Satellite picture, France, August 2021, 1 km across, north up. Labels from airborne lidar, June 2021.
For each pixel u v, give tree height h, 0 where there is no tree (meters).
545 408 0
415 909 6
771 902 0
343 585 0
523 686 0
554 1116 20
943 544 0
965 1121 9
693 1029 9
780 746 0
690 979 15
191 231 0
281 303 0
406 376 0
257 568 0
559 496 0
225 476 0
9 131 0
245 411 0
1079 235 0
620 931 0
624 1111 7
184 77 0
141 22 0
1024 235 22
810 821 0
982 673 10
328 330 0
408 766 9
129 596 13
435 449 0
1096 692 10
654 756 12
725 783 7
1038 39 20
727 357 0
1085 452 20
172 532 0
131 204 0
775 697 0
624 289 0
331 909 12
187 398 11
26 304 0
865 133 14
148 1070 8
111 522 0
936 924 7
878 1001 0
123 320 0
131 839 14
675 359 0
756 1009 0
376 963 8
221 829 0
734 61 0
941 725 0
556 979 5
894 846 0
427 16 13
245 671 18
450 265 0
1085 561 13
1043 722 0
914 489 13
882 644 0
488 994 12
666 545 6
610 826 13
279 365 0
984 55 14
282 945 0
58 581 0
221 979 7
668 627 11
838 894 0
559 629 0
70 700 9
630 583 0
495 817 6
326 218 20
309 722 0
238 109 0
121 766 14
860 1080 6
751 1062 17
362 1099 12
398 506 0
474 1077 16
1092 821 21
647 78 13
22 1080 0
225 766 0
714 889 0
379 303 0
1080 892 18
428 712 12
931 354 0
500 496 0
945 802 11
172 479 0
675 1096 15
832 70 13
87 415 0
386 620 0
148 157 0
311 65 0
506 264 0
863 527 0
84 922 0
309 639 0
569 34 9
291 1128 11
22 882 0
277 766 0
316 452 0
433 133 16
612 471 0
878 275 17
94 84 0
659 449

* Your objective
Give back the whole listing exactly as it reads.

* Result for this exercise
Satellite picture, France, August 2021, 1 km across, north up. Labels from airborne lidar, June 2021.
For each pixel u v, give tree height h, 0 where there is no tree (meters).
545 408 0
415 909 6
771 902 0
343 585 0
523 686 0
554 1116 20
943 544 0
965 1121 9
693 1029 9
780 746 0
690 979 15
191 231 0
281 303 0
406 376 0
257 568 0
559 496 0
225 476 0
9 131 0
245 411 0
1079 235 0
620 931 0
624 1111 7
184 77 0
141 22 0
1024 235 22
810 821 0
982 673 10
328 330 0
408 766 9
129 596 13
435 449 0
1096 692 10
654 756 12
725 783 7
1038 39 20
727 357 0
1085 452 20
172 532 0
131 204 0
775 697 0
624 289 0
331 909 12
187 398 11
26 304 0
865 133 14
148 1070 8
111 522 0
936 924 7
878 1001 0
123 320 0
131 839 14
675 359 0
756 1009 0
376 963 8
221 829 0
734 61 0
941 725 0
556 979 5
894 846 0
427 16 13
245 671 18
450 265 0
1085 561 13
1043 722 0
914 489 13
882 644 0
488 994 12
666 545 6
610 826 13
279 365 0
984 55 14
282 945 0
58 581 0
221 979 7
668 627 11
838 894 0
559 629 0
70 700 9
630 583 0
495 817 6
326 218 20
309 722 0
238 109 0
121 766 14
860 1080 6
751 1062 17
362 1099 12
398 506 0
474 1077 16
1092 821 21
647 78 13
22 1080 0
225 766 0
714 889 0
379 303 0
1080 892 18
428 712 12
931 354 0
500 496 0
945 802 11
172 479 0
675 1096 15
832 70 13
87 415 0
386 620 0
148 157 0
311 65 0
506 264 0
863 527 0
84 922 0
309 639 0
569 34 9
291 1128 11
22 882 0
277 766 0
316 452 0
433 133 16
612 471 0
878 275 17
94 84 0
659 449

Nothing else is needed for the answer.